Kadar keasaman air yang baik adalah antara 6,5 sampai 8,5. “Air layak minum juga harus bebas zat kimia beracun, tidak mengandung logam berat, tidak mengandung pestisida, dan bahan radioaktif,” kata Dr Ing Ir Agus Maryono, dosen Jurusan Teknik Sipil Universitas Gadjah Mada.
Air yang sudah terkontaminasi dengan logam berat, bakteri, atau bahan kimia beracun dapat mengancam kesehatan. “Logam berat ini bisa dideposit di organ tubuh, misalnya Cd (kadmium) di tulang atau ginjal, timbal di gigi, dan beberapa bahan kimia lain yang berisiko menyebabkan endocrine disrupting compound pada sistem hormonal,” sebut Prof Umar.
Pencemaran logam berat maupun zat kimia lain lewat sesuatu yang dikonsumsi masuk ke tubuh manusia dan paling banyak melalui media air ini, bukan tidak mungkin merupakan penyebab tingginya angka hemodialisa atau cuci darah akibat penyakit gagal ginjal kronik.
Namun, lantaran sifat zat kimia yang bercampur dan berjumlah ribuan menyulitkan penelitian lebih lanjut. Dengan begitu, sulit ditentukan hemodialisa disebabkan zat kimia apa. Pencemaran zat kimia dalam air tidak bisa diketahui kecuali jika diperiksa lebih lanjut.
Berbagai dampak dari terpaan zat kimia berbahaya dalam air ini ternyata juga bisa menyebabkan ketidaksuburan atau infertilitas. Prof Umar juga menyebutkan, sumur pompa bekas area persawahan ternyata banyak mengandung mangan.
Akibatnya, jika terakumulasi di tubuh dalam jangka panjang lewat air yang dikonsumsi setiap hari, maka dapat mengancam kesehatan jantung. “Itulah pentingnya memastikan agar air yang dikonsumsi benar-benar higienis, dan memenuhi syarat,” sarannya.

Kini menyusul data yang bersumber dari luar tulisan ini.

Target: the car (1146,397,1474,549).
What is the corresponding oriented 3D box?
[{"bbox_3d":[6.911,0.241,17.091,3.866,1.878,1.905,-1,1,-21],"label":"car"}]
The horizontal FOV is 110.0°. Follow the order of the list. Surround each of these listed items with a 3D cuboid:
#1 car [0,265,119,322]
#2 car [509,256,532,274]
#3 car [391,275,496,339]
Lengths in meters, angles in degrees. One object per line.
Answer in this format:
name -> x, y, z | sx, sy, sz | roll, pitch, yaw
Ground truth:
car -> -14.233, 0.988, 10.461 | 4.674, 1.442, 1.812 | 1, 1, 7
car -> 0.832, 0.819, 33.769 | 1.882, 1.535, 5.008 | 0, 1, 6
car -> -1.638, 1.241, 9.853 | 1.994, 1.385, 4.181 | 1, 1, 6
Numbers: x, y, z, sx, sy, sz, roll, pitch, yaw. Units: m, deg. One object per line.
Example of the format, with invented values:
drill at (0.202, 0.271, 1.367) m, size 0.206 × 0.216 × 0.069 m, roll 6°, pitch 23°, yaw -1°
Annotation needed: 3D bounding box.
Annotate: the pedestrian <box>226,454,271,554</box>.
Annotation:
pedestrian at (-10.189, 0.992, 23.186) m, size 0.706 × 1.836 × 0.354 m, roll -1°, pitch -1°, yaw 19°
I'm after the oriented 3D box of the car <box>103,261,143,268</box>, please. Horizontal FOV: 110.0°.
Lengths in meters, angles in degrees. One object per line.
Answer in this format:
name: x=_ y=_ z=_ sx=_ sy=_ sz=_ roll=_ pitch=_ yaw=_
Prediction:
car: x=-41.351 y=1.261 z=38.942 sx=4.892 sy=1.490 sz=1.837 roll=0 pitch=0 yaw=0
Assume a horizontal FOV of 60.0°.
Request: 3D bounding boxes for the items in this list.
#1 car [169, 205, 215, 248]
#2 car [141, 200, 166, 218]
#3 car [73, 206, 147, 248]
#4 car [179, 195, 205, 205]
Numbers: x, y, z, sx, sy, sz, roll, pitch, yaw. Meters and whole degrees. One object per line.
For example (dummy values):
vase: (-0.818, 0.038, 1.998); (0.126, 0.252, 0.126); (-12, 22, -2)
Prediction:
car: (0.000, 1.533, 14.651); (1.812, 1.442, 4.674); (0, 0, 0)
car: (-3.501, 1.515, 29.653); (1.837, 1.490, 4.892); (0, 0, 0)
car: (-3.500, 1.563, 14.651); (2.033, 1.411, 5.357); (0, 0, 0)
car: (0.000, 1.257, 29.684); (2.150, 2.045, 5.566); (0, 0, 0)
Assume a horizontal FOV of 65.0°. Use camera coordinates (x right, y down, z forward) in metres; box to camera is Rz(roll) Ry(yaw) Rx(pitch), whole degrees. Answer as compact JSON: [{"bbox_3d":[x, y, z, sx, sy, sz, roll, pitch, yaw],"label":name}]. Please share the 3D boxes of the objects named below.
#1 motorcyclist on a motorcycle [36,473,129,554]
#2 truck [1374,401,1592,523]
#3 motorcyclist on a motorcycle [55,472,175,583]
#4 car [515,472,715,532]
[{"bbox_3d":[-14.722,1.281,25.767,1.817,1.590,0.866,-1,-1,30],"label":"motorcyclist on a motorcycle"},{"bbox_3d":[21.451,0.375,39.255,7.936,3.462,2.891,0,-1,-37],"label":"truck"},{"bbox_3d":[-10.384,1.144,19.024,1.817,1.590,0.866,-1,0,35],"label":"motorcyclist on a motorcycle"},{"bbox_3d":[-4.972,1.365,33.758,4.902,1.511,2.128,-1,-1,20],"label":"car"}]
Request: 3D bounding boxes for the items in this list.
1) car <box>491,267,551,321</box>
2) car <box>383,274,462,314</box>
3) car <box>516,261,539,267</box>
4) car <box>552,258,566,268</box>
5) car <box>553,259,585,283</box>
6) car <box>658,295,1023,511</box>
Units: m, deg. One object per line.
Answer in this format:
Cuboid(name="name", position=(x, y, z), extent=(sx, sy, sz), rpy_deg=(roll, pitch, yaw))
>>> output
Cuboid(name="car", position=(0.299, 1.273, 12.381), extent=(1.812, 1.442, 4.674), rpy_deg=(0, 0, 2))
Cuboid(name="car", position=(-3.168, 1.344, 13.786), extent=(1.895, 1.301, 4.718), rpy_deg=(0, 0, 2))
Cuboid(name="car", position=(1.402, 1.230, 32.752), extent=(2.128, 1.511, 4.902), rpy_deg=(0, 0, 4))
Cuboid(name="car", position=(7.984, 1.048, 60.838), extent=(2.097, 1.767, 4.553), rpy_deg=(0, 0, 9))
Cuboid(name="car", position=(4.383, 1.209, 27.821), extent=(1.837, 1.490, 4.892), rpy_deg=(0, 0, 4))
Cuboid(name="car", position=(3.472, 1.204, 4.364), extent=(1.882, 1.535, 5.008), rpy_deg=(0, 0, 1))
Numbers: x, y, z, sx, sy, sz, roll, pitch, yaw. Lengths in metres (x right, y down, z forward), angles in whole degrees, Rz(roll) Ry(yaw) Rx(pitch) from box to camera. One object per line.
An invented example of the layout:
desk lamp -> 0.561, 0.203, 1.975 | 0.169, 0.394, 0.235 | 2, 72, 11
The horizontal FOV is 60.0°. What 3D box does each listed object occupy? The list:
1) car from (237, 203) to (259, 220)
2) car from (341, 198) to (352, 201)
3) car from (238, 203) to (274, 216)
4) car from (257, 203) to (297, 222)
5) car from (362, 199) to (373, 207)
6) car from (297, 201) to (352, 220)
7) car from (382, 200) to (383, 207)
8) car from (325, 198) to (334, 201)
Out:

Menurut Prof Umar, kesehatan manusia berbanding lurus dengan penerapan amdal (analisis dampak lingkungan), yaitu sebuah kajian yang digunakan untuk memperkirakan suatu dampak atas sebuah usaha/kegiatan yang diselenggarakan di suatu lingkungan tertentu. “Jadi, lingkungan yang baik dan sehat akan menyediakan hasil yang baik pula untuk makhluk hidup.
Lingkungan sehat, masyarakatnya juga akan sehat, dan beban BPJS bisa berkurang. Jadi kuncinya adalah lingkungan yang sehat,” urai Prof Umar. Lebih jauh, diperkirakan pada tahun 2030, 50% manusia berada dalam kelangkaan air.
Di Pulau Jawa, krisis air akan semakin parah pada 2025 karena terus menurunnya neraca air pada musim kemarau dan tingginya jumlah penduduk. Peringatan Hari Air Sedunia pada tahun ini yang biasa dirayakan setiap tanggal 22 Maret, mengambil tema Solusi Air Berbasis Alami atau Nature Based Solutions for Water.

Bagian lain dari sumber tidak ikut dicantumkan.